The Ivory Coast: The Country in Full Extension of Nomadic War?

After bleeding Liberia and Sierra Leone white, armed bands rallied Alassane Ouattara’s troops and have since set the Ivory Coast to fire and sword. Hence the threat of permanent instability, argues Michel Gally, a specialist of the region.

The war in the Ivory Coast was a real war, but it is only one local episode in a “nomadic war” that has been roving around several West-African countries since 1989; indeed the cycle of violence is far from being over.

In 1989 about a hundred warriors led by Charles Taylor and armed by Burkina Faso, crossed the Ivory Coast border to put Liberia to fire and sword. Then came Foday Sankoh’s RUF who conquered Sierra Leone and massacred more than 2,000 people in their successful assault on Freetown, the capital. The very same who, in 2002, started off the Ivory Coast rebellion, taking over two thirds of the country thanks to a coup that all the evidence now extant proves to have benefited Alassane Ouattara.

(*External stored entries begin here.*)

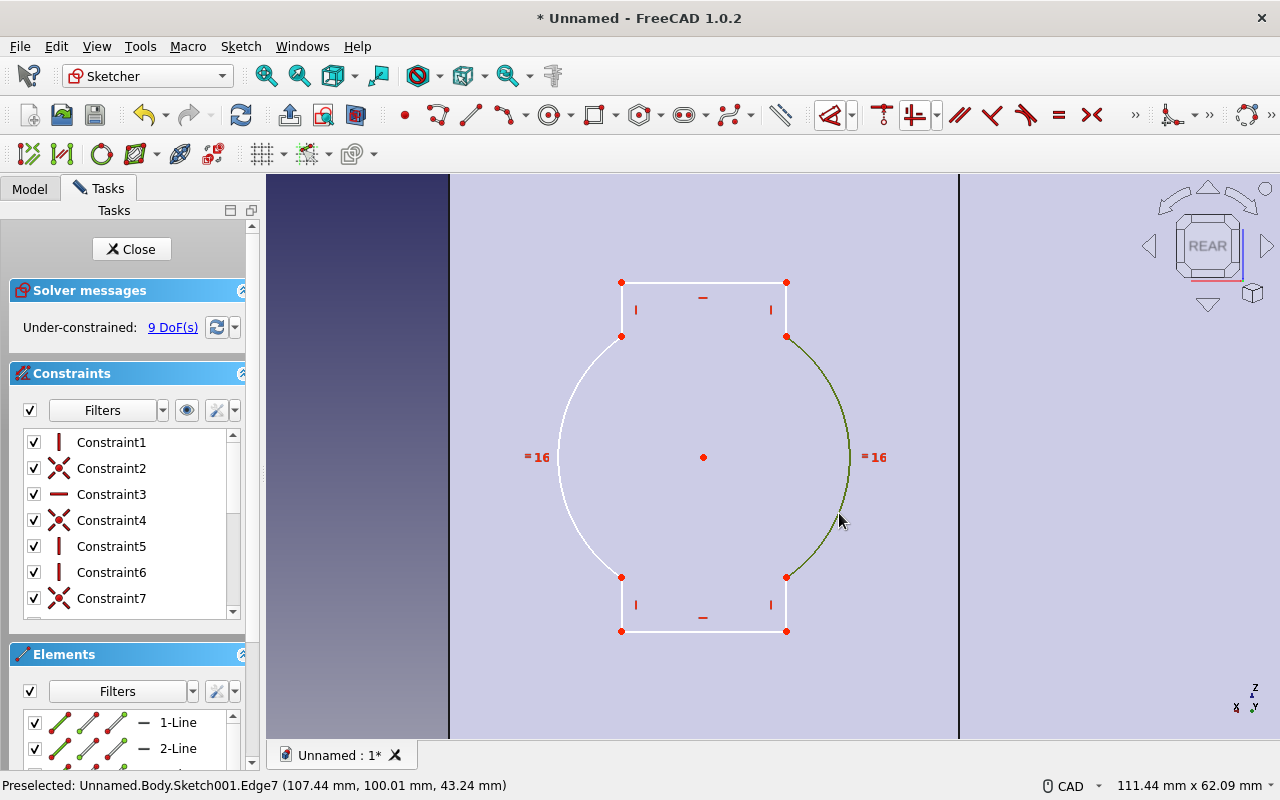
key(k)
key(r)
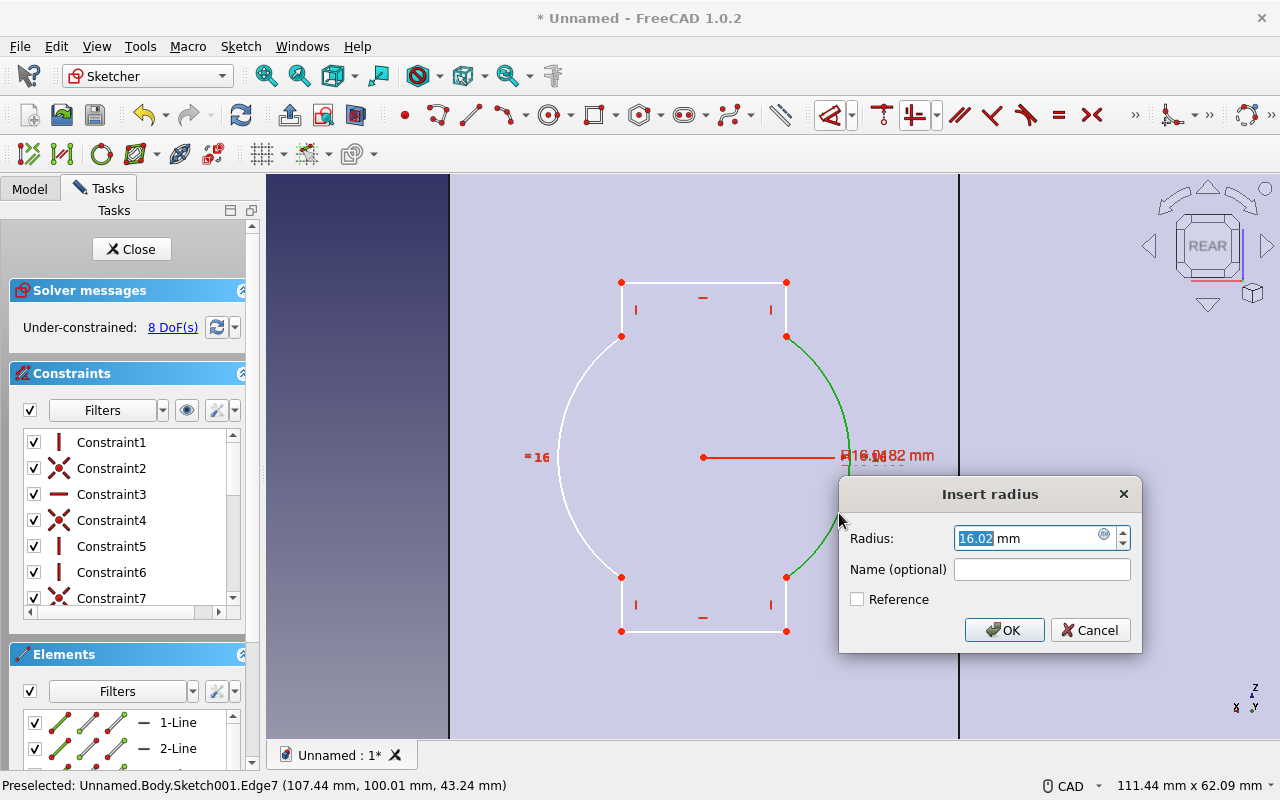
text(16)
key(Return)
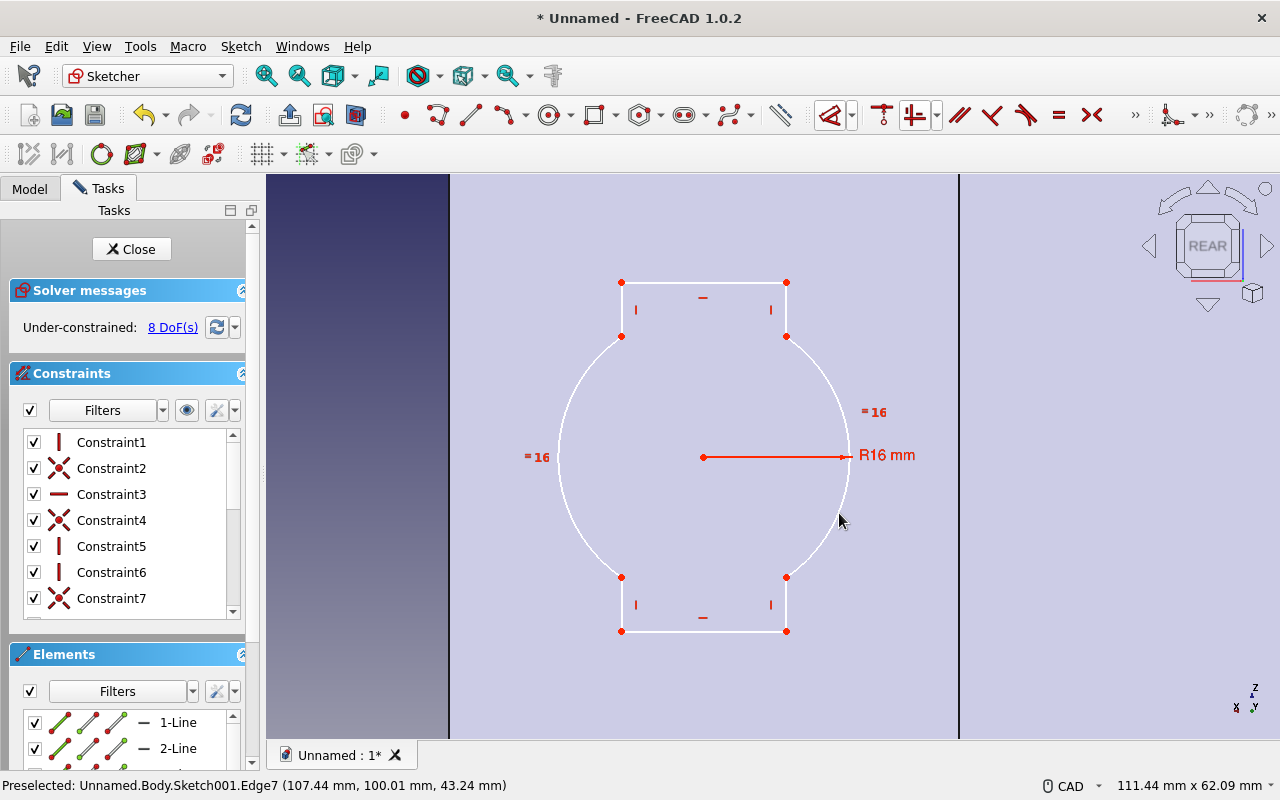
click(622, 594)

Those border-blind “nomadic warriors” have made this roaming form of pillaging into a permanent way of life, or even of government. In the Northern parts of the Ivory Coast, a kind of “rebellious dictatorship” has been set up since 2002 where all forms of opposition are barred and gratuitous violence is standard currency while the services normally dispensed by the State have practically disappeared and total economic deregulation allows for all kinds of racketeering. A kind of military feudalization has begun to spread under the rule of the notorious “comzones”, those rebel commanders that reap gigantic profits from their looting.

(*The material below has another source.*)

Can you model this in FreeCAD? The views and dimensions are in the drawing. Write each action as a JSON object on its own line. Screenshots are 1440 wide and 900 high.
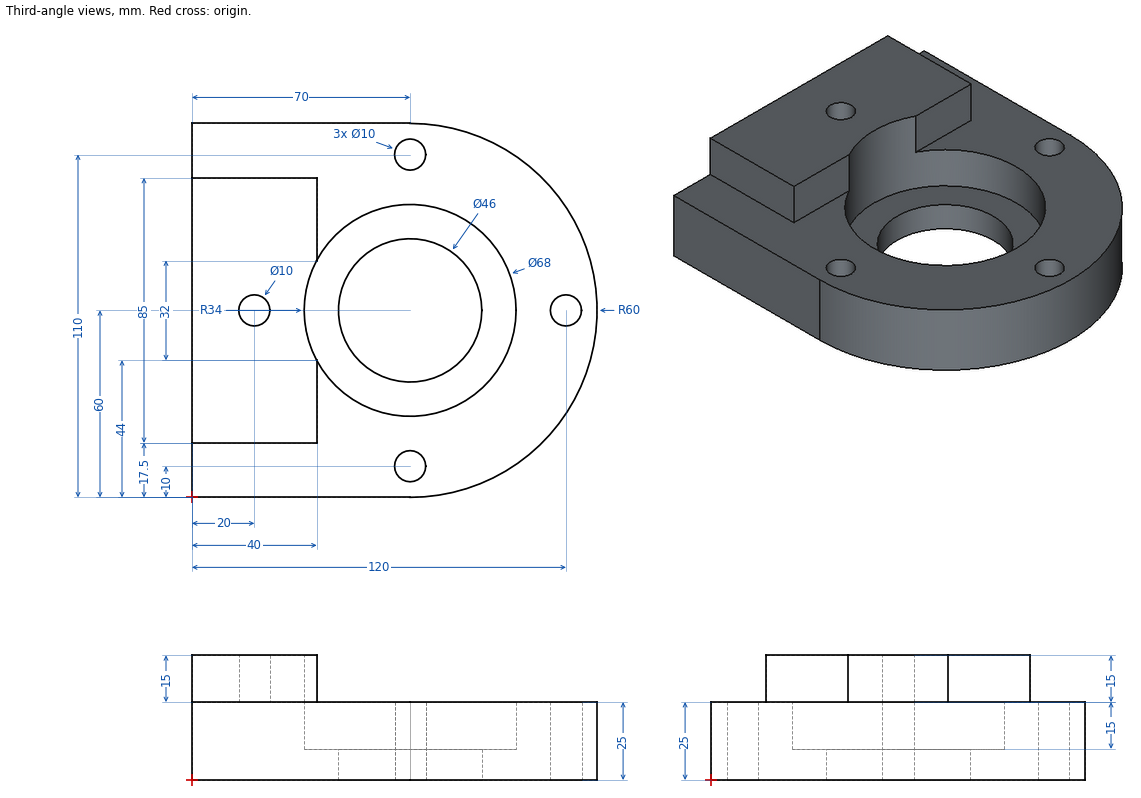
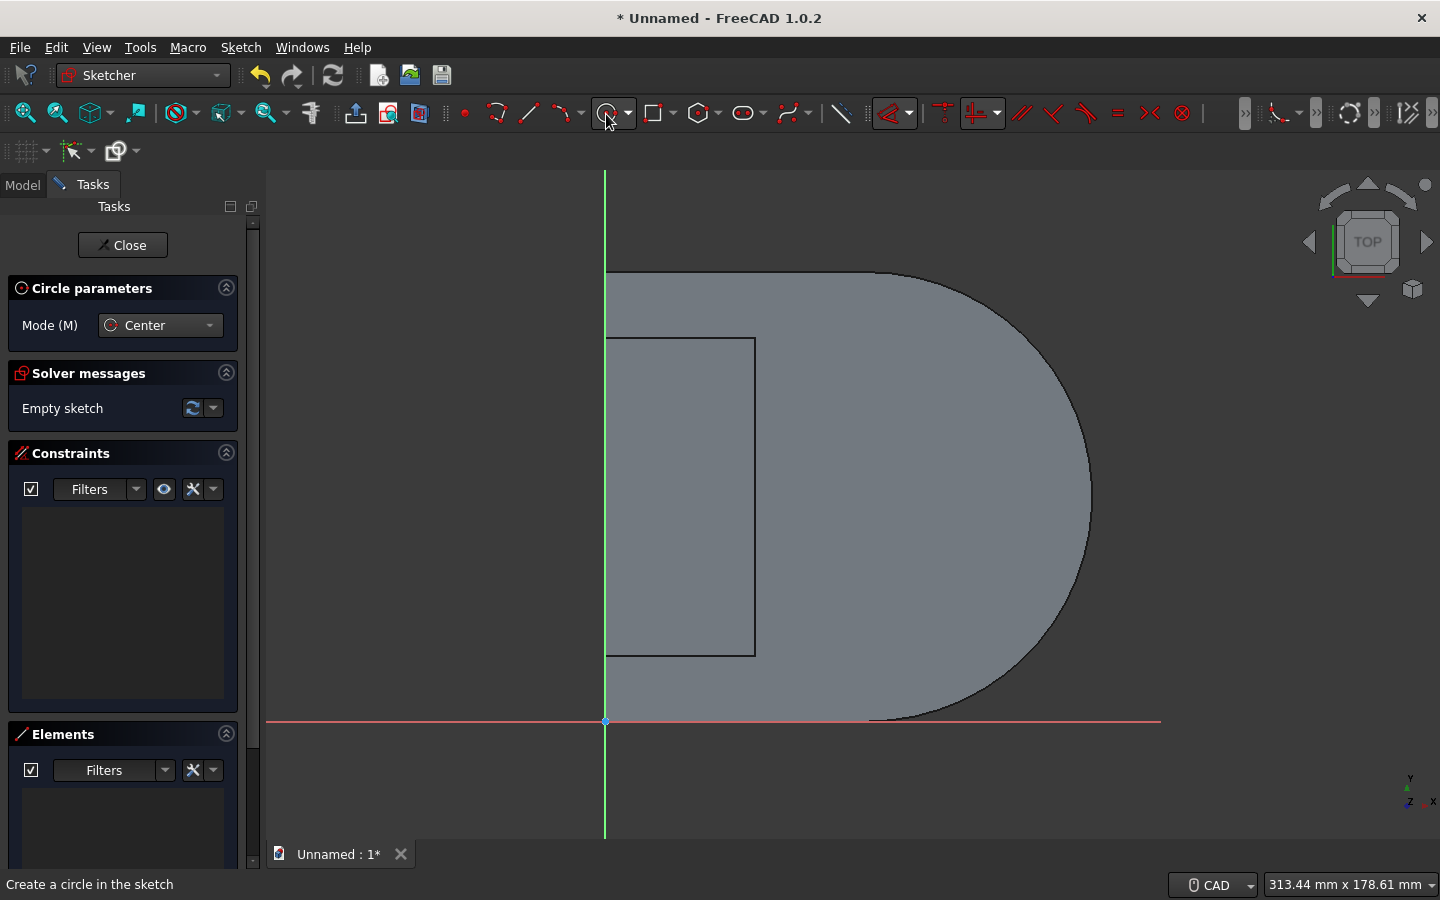
{"action": "left_click", "coordinate": [867, 497]}
{"action": "left_click", "coordinate": [958, 407]}
{"action": "key", "text": "Escape"}

Sherpa and others like it might well call them to account with respect to their “ill-gotten gains”: it is indeed public knowledge in Ouagadougou in Burkina Faso that the luxurious houses in the “Millionnaire district” were built thanks to the pillaging of the northern part of the Ivory Coast; the first among these comzones, Guillaume Soro, also has his place among the rich, being the owner of several flats in Paris, the purchase of which is unlikely to have been entirely financed by his first minister’s salary.

The recent developments seem to guarantee unlimited possibilities of expansion to this northern system of violence and exploitation: the pillaging of whole districts in Abidjan like Angré spread to the university and to the administrative district of the Plateau: cars were forcibly requisitioned, houses were emptied, FPI militants (FPI is former President Gbagbo’s party) racketeered, while the Northern warriors formed the rebel force (re-named the New Force, then no doubt ironically, the Republican Force) are the first to engage in looting, thus transposing the northern system into the conquest of the capital.

The “Liberianization” of the war in the Ivory Coast culminated in the West with the massacre of Duékoué (of more than 800 civilians), publicly denounced by the Red Cross, that took place on the morrow of the town’s conquest by Alassane Ouattara’s army rabble. As had been the case in Ruanda in 2004, ID cards were strewn around the victims’ corpses all over the town: their names and birthplaces identified to the killers the members of the Guéré native ethnic group, who supported Gbagbo and opposed the forcible settlement on their land of Dioula farmers (from the northern part of the Ivory Coast, or from Mali and Burkina Faso). Those horrific war crimes might be amended as genocide.

Reprisals and counter-reprisals are now ceaselessly succeeding one another: in Daloa and Gagnoa, Dioulas who make up half of the urban population, serve as informers and violent surrogates to the Ouattara camp’s army to persecute (well beyond the militant FPI circles) members of three ethnic groups that are reputed to be the former president’s allies, namely the Attiès, Bétés, and Guérés, thousands of whom may already have been victimized.

As was the case during the previous nomadic wars, armed bands from Liberia serve the two camps and indulge in blind atrocities and systematic racketeering on their own initiative; taking into account the current ebb and flow, and even without ruling out the rather optimistic possibility that peace may be restored in the Ivory Coast, groups are likely to roam toward Sierra Leone and especially Liberia.

But what to do about those notorious “dozos” who, like Sierra Leone’s “kamajors” are a native brand of northern neo-hunters in the Ivory Coast, with their idiosyncratic dress and mystique derived from the age-old Madinka [1] ethnic base (and its belief in invisibility and invulnerability)? They specialize above all in mass massacres as those perpetrated in Duékoué and in the bush will treat their enemies like animals and dismember them accordingly…

This nomadic war seems to be expanding and by one of African history’s typically crafty tactics, to be boomeranging against the very criminal behind those various conflicts, namely Burkina Faso’s president Blaise Compaoré. Having pushed Charles Taylor, Foday Sankoh, Guillaume Soror to destabilize their respective countries, he is now facing a military, but also social and political, movement that might sweep him away; and so, with hindsight, the assassination of Thomas Sankara [2] turns out to have been the original trauma that repeated itself in the surrounding countries before eventually striking back home.